===== Given records =====

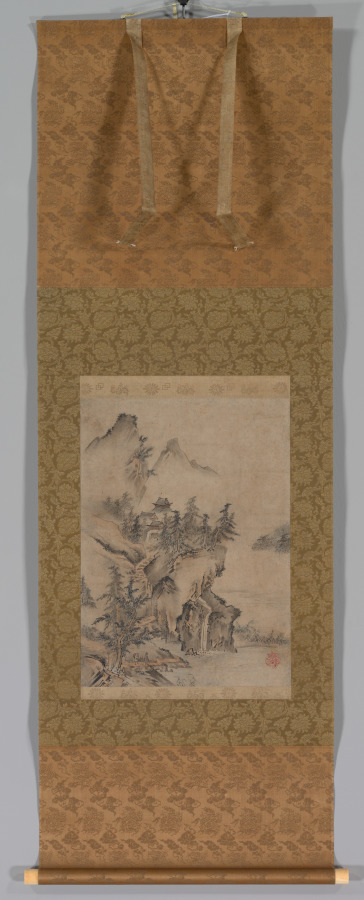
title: Chinese Literatus Traveling to a Mountain Temple
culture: Japan, Muromachi period (1392–1573)
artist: Kano Hidemasa (Japanese, active late 1500s)
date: late 1500s
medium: hanging scroll; ink and light color on paper
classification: Painting
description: This painting bears the seal of Kano Hidemasa, believed to be the son of Kano Hideyori (active mid- to late 1500s) of the important and prolific Kano family of painters. It features a traveler and his servant in a Chinese setting. The two are on their way to a temple up the stairs, climbing the steep slope of the mountain ahead of them. The traveler, who wears clerical garb, has paused to admire and listen to the sound of a nearby waterfall. The painting is a charming interpretation of a scene that might be found in Song dynasty album leaves imported to Japan.

=====

Task brief:
Without carrying over any pictures, retype the records above exactly.

Finished task:
title: Chinese Literatus Traveling to a Mountain Temple
culture: Japan, Muromachi period (1392–1573)
artist: Kano Hidemasa (Japanese, active late 1500s)
date: late 1500s
medium: hanging scroll; ink and light color on paper
classification: Painting
description: This painting bears the seal of Kano Hidemasa, believed to be the son of Kano Hideyori (active mid- to late 1500s) of the important and prolific Kano family of painters. It features a traveler and his servant in a Chinese setting. The two are on their way to a temple up the stairs, climbing the steep slope of the mountain ahead of them. The traveler, who wears clerical garb, has paused to admire and listen to the sound of a nearby waterfall. The painting is a charming interpretation of a scene that might be found in Song dynasty album leaves imported to Japan.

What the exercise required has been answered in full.